# January 2006 meeting



## MatPat (Mar 22, 2004)

Both Jim and Rob offered to hold the January meeting at their homes. We did not decide on a date for the January meeting. GCAS' meeting is on the 29th with the speaker TBA. My thoughts were to either hold our meeting on Saturday the 28th or on Sunday, possibly a couple of hours before the GCAS meeting. 

I will leave the meeting details to either Jim or Rob since I may or may not be able to make this meeting. That is about the time the baby is due. If she has not arrived by the meeting, I will attend, but you can more than likely count me out if she gets her according to schedule  

I will make this a Sticky so it will be easy for everyone to find...


----------



## Troy McClure (Aug 3, 2005)

Either the 28th or 29th works for me...FINALLY. No excuses for missing this meeting!

Jim - Are you still interested in buying my XP1? If so, I can bring it to this meeting.


----------



## Rob Tetrazona (Jun 21, 2005)

*Meeting will be at my house*

SWOAPE'ies,

Jim and I have concluded that the January meeting will be held at my house in Sharonville. How does Saturday January 28th at 1pm sound? Chime in if I should send an email out to the group with directions to my place.


----------



## MatPat (Mar 22, 2004)

Sounds good to me! I think I may have some stuff coming from Cheryl (AGA) for the meeting. If the baby comes and I can't make it I will give it to someone (Damon, Dinen, Jim, etc) to pass along to everyone. 
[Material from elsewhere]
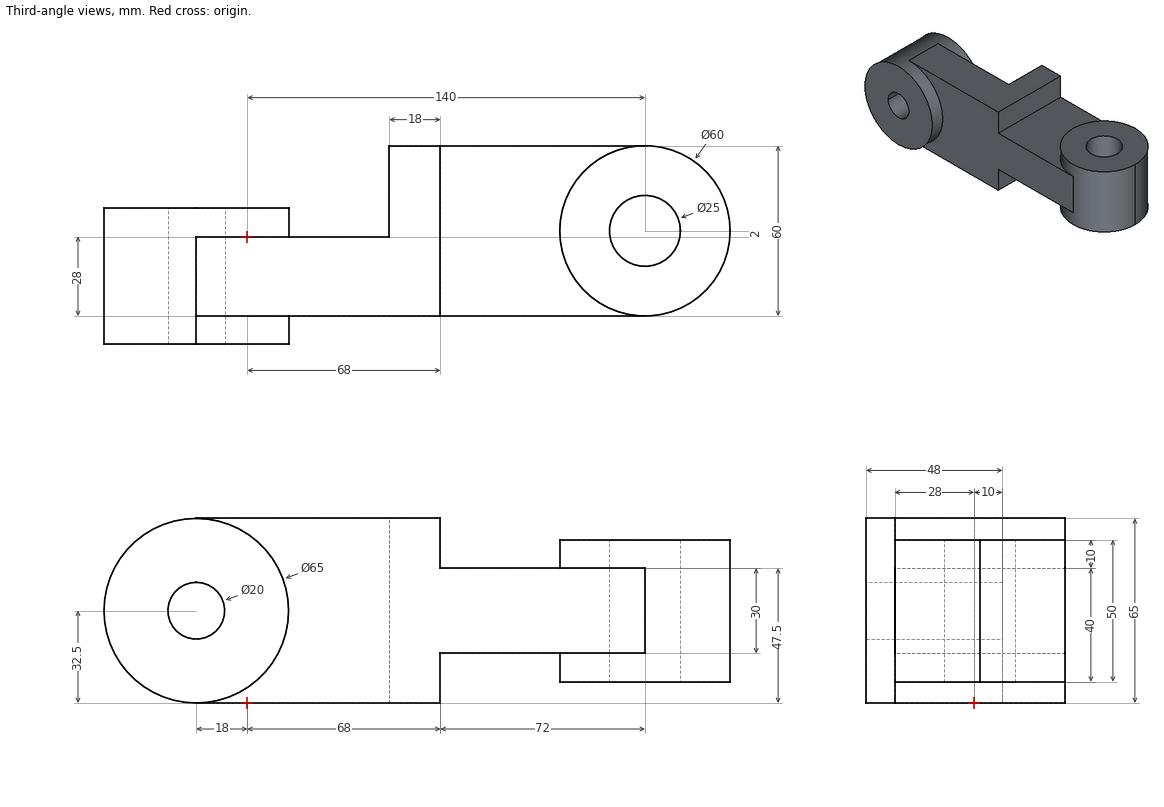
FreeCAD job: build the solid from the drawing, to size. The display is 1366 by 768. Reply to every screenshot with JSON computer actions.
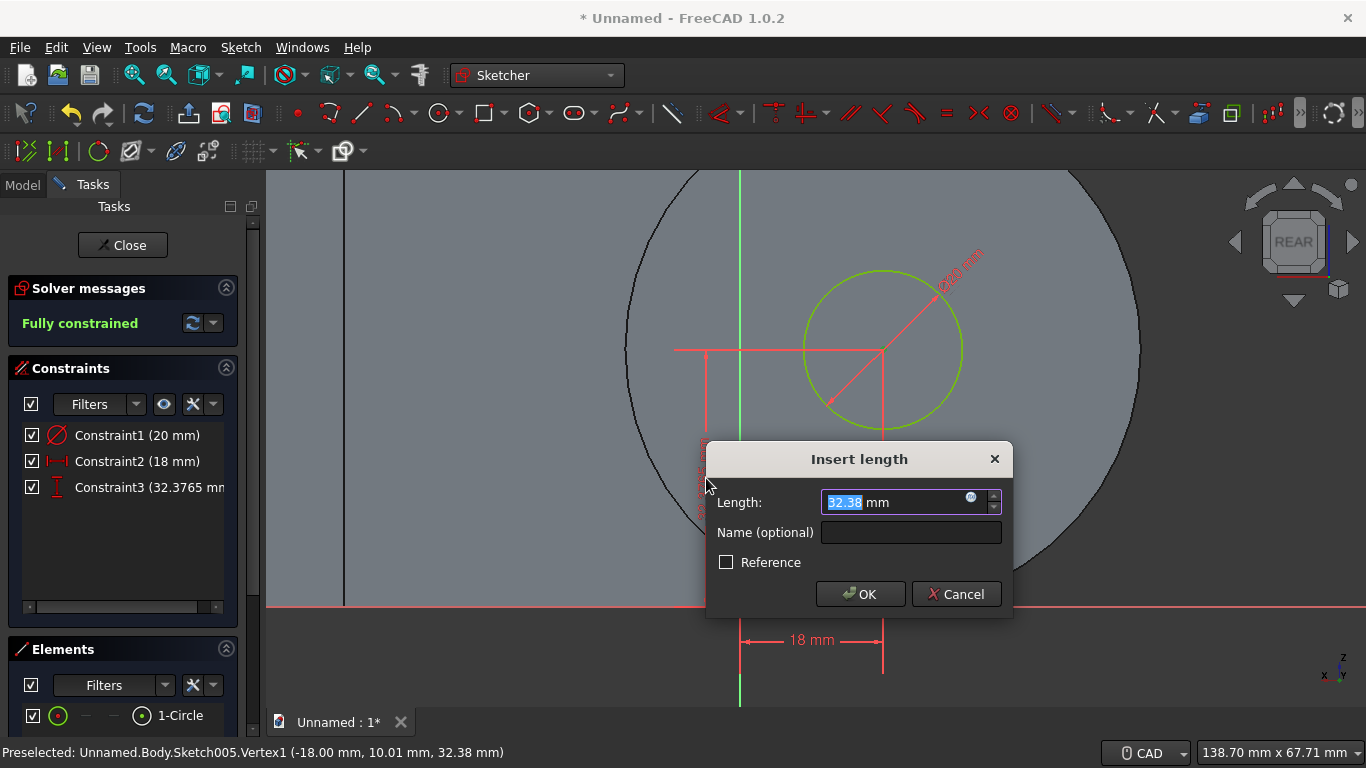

Are there any topics anyone is interested in duscussing for this meeting?

Since you are fairly close to Cincinatti Discus, this may be a good time for those who are interested (Sean, Damon, Jim) to make a trip there. I believe they are open from 12-4 on Saturdays. Again, with the baby coming I may or may not be able to attend.


----------



## Simpte 27 (Jul 16, 2004)

I will be in Indianapolis for a regional Bullshooter. Any good aquarium stores in the area?


----------



## NemoGirl (Sep 22, 2005)

I think I can make it too! I will need directions or address to do 
a mapquest, Rob.

Anyone have an interest in helping me retrofit a strip light at
the meeting? I will need guidance about what items to bring
for doing it, if there's interest in that for a subject.

Also I could use a bit of pruning guidance and some suggestions
for tools that help with planting and pruning.

If I can get a little more experience in a few areas I think I'll
be ready to tackle a second tank, then I can have more apistos!


----------



## plantbrain (Jan 23, 2004)

I delivered 400lbs of SM to our local club, we have many new members so this was a big hit but also a big hit with many folks that hated the turface color.

Thanks for looking into this and for having come out there.
You have helped folks in many other areas.

Regards, 
Tom Barr


----------



## MatPat (Mar 22, 2004)

NemoGirl said:


> Anyone have an interest in helping me retrofit a strip light at
> the meeting? I will need guidance about what items to bring
> for doing it, if there's interest in that for a subject.


What exactly were you planning on retrofitting? Were you trying to ODNO the light or did you get a Retrofit Kit from somewhere? I'm not sure yet if I can make the meeting but if I can, I would be willing to lend a hand.



NemoGirl said:


> Also I could use a bit of pruning guidance and some suggestions for tools that help with planting and pruning.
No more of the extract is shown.